EXERCISE PROMPT: Go to the line containing "7) clamp (343, 2, 612, 91)" in the records below. Repeat it and the lines after it exactly, all the way to the end.

Stored items
********************
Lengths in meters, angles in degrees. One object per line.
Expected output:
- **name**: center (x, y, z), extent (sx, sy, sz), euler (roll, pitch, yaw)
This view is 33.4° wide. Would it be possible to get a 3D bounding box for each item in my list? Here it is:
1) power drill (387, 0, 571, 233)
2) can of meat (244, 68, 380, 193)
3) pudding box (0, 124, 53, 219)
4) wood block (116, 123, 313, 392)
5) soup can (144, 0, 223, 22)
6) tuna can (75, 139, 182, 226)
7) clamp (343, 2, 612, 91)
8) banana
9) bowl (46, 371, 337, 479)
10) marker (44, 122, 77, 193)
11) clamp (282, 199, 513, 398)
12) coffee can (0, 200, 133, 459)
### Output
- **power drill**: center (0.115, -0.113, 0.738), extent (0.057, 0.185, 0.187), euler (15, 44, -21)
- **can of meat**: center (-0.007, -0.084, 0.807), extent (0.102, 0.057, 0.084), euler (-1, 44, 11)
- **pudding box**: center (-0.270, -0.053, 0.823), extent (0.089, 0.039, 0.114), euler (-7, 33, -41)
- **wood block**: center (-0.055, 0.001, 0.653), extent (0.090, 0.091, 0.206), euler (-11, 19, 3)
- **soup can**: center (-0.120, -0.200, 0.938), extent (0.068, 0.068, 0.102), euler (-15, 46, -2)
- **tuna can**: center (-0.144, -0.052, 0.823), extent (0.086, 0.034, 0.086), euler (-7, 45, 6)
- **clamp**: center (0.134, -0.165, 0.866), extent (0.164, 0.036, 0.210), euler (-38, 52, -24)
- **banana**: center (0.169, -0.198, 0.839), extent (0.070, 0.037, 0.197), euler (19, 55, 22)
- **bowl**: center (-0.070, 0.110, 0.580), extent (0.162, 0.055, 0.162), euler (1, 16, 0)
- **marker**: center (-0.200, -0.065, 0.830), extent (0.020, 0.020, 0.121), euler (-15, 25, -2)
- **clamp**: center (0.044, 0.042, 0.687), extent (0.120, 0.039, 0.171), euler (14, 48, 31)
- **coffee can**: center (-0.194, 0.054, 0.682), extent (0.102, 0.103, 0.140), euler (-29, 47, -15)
********************
PROBLEM SOLUTION:
7) clamp (343, 2, 612, 91)
8) banana
9) bowl (46, 371, 337, 479)
10) marker (44, 122, 77, 193)
11) clamp (282, 199, 513, 398)
12) coffee can (0, 200, 133, 459)
### Output
- **power drill**: center (0.115, -0.113, 0.738), extent (0.057, 0.185, 0.187), euler (15, 44, -21)
- **can of meat**: center (-0.007, -0.084, 0.807), extent (0.102, 0.057, 0.084), euler (-1, 44, 11)
- **pudding box**: center (-0.270, -0.053, 0.823), extent (0.089, 0.039, 0.114), euler (-7, 33, -41)
- **wood block**: center (-0.055, 0.001, 0.653), extent (0.090, 0.091, 0.206), euler (-11, 19, 3)
- **soup can**: center (-0.120, -0.200, 0.938), extent (0.068, 0.068, 0.102), euler (-15, 46, -2)
- **tuna can**: center (-0.144, -0.052, 0.823), extent (0.086, 0.034, 0.086), euler (-7, 45, 6)
- **clamp**: center (0.134, -0.165, 0.866), extent (0.164, 0.036, 0.210), euler (-38, 52, -24)
- **banana**: center (0.169, -0.198, 0.839), extent (0.070, 0.037, 0.197), euler (19, 55, 22)
- **bowl**: center (-0.070, 0.110, 0.580), extent (0.162, 0.055, 0.162), euler (1, 16, 0)
- **marker**: center (-0.200, -0.065, 0.830), extent (0.020, 0.020, 0.121), euler (-15, 25, -2)
- **clamp**: center (0.044, 0.042, 0.687), extent (0.120, 0.039, 0.171), euler (14, 48, 31)
- **coffee can**: center (-0.194, 0.054, 0.682), extent (0.102, 0.103, 0.140), euler (-29, 47, -15)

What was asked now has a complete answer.